Background: Previous research has studied inhibitory neurons in a wide range of psychiatric disorders and some neurological disorders such as epilepsy and Alzheimer’s disease. However, detailed studies examining differences in inhibitory neuron loss between frontotemporal lobar degeneration (FTLD) subgroups, which include FTLD-tau and FTLD-TDP, are lacking. Using a large autopsy cohort, we quantified the density and distribution of calretinin-positive inhibitory neurons across the grey matter of FTLD-Tau and FTLD-TDP patients with a clinical diagnosis of behavioral variant frontotemporal dementia by measuring density and percent area occupied of neurons in the middle frontal cortex, the orbitofrontal cortex, and the anterior cingulate cortex.

Method: Regions of interest were examined in 96 patients representing autopsy-confirmed FTLD-tau (n=27), FTLD-TDP (n=48), and age-matched healthy controls (n=21).

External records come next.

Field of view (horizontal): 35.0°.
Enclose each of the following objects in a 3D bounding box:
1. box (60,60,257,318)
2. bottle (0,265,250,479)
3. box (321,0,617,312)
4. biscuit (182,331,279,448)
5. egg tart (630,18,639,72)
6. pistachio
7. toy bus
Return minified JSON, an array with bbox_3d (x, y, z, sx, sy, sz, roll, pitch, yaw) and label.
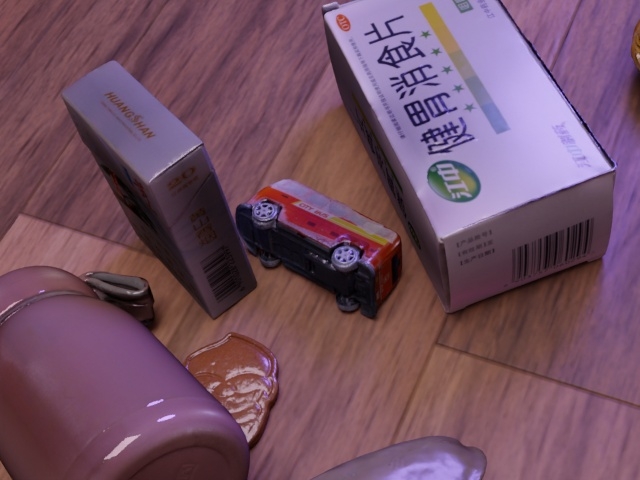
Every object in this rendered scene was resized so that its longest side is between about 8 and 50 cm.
[{"bbox_3d":[-0.148,-0.044,0.970,0.067,0.233,0.149,-40,58,-16],"label":"box"},{"bbox_3d":[-0.195,0.138,0.902,0.206,0.173,0.297,-26,41,-28],"label":"bottle"},{"bbox_3d":[0.138,-0.115,1.016,0.173,0.145,0.333,-20,56,-5],"label":"box"},{"bbox_3d":[-0.091,0.147,0.962,0.102,0.019,0.130,7,58,15],"label":"biscuit"},{"bbox_3d":[0.421,-0.198,1.059,0.191,0.074,0.191,-6,56,9],"label":"egg tart"},{"bbox_3d":[0.050,0.236,0.808,0.206,0.131,0.130,-24,98,-6],"label":"pistachio"},{"bbox_3d":[0.000,0.000,1.012,0.174,0.079,0.077,28,57,27],"label":"toy bus"}]
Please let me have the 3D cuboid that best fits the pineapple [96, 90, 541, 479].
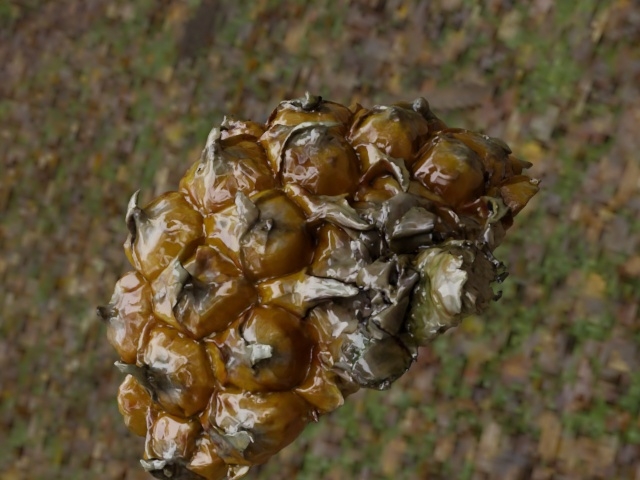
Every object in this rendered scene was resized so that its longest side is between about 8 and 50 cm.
[{"bbox_3d":[-0.005,0.004,0.771,0.250,0.140,0.164,-42,10,-6],"label":"pineapple"}]

Middle frontal cortex, orbitofrontal cortex, and anterior cingulate cortex tissue were cut into 6µm-thick sections and stained for calretinin with 3,3′-Diaminobenzidine (DAB) as the chromogen. Neuron densities and percent area occupied were generated using a semi-automated neuron detection pipeline developed in the lab. 

Results: FTLD-tau patients had lower densities and percent area occupied of inhibitory calretinin-positive neurons than FTLD-TDP patients in the orbitofrontal cortex. In contrast, FTLD-TDP patients had lower neuron densities and percent area occupied in the middle frontal cortex and anterior cingulate gyrus, although no statistically significant differences were observed. 

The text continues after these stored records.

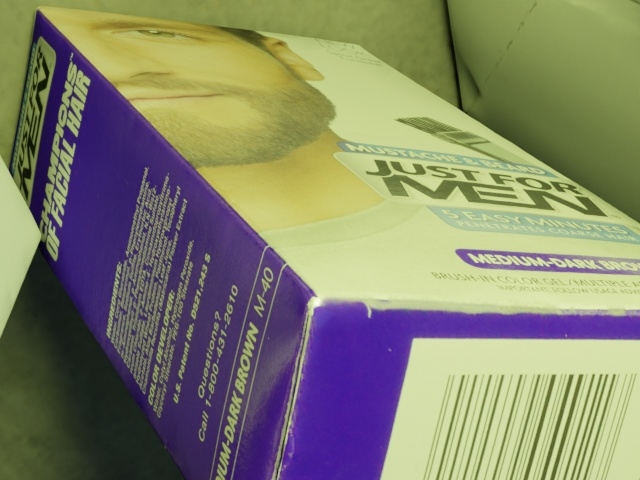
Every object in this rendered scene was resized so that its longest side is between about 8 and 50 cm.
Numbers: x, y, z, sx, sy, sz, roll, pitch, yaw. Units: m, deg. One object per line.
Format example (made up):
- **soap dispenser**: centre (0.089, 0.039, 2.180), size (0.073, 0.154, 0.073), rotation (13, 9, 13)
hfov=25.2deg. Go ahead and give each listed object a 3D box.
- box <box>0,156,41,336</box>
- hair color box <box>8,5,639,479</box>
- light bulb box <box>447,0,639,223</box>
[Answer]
- **box**: centre (-0.222, 0.018, 0.589), size (0.171, 0.130, 0.091), rotation (-12, 123, 15)
- **hair color box**: centre (0.000, 0.000, 0.603), size (0.185, 0.339, 0.110), rotation (3, 110, -28)
- **light bulb box**: centre (0.291, -0.154, 0.666), size (0.361, 0.358, 0.225), rotation (-22, 122, -17)
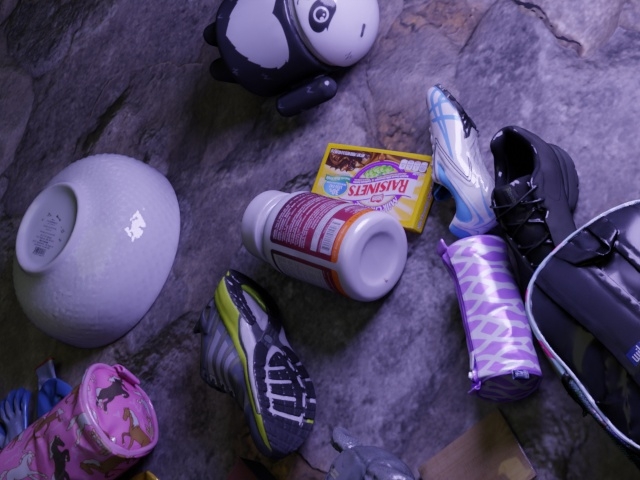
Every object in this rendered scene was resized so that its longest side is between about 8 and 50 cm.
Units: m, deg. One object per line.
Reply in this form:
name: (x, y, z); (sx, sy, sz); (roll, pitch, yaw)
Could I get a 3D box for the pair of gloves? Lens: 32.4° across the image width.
pair of gloves: (-0.474, 0.291, 1.831); (0.198, 0.023, 0.159); (-38, 51, 23)

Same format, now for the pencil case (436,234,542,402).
pencil case: (0.196, 0.092, 1.292); (0.088, 0.086, 0.206); (-2, 54, -9)

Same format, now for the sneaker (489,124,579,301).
sneaker: (0.249, -0.008, 1.267); (0.109, 0.130, 0.286); (-29, 54, 25)

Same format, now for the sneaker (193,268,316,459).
sneaker: (-0.097, 0.183, 1.510); (0.121, 0.111, 0.300); (-49, 39, 25)

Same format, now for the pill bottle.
pill bottle: (0.000, 0.000, 1.487); (0.221, 0.121, 0.121); (18, 82, 45)

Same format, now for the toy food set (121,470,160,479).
toy food set: (-0.273, 0.427, 1.551); (0.128, 0.071, 0.217); (-26, 54, 30)

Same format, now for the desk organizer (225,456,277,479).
desk organizer: (-0.072, 0.342, 1.434); (0.130, 0.047, 0.050); (37, 98, 45)

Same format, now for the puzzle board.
puzzle board: (0.180, 0.269, 1.274); (0.128, 0.011, 0.096); (-42, 49, 19)

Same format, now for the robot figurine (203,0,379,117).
robot figurine: (-0.046, -0.316, 1.645); (0.278, 0.209, 0.173); (-15, 30, 36)

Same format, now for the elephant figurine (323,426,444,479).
elephant figurine: (0.104, 0.345, 1.213); (0.169, 0.239, 0.186); (-13, 44, 59)

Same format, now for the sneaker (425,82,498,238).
sneaker: (0.169, -0.107, 1.417); (0.086, 0.085, 0.237); (-28, 52, 18)

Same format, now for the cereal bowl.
cereal bowl: (-0.397, 0.001, 1.824); (0.339, 0.141, 0.338); (-19, 58, 33)

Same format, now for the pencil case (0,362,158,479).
pencil case: (-0.415, 0.340, 1.661); (0.386, 0.160, 0.167); (-36, 73, 23)

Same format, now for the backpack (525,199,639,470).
backpack: (0.337, 0.093, 1.088); (0.225, 0.191, 0.253); (-39, 54, 0)

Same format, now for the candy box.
candy box: (0.073, -0.075, 1.527); (0.206, 0.027, 0.105); (12, 81, 44)
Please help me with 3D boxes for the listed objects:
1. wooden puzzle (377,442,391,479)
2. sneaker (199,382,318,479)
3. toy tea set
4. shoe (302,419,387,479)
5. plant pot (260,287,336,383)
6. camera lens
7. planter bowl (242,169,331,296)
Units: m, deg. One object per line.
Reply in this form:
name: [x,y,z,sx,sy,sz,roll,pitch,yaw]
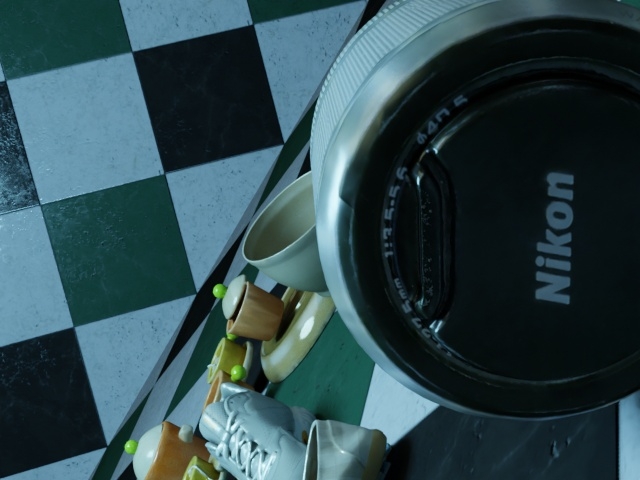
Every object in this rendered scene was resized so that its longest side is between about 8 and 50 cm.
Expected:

Conclusions: FTLD-tau showed greater neurodegeneration of inhibitory calretinin-positive neurons in the orbitofrontal cortex compared to FTLD-TDP. These findings suggest that FTLD-tau and FTLD-TDP may differentially target inhibitory neurons in a region-specific manner. Further examination will be conducted in more regions and specific cortical layers enriched for inhibitory neurons to elucidate the divergent vulnerabilities of neuronal populations in the FTLD spectrum.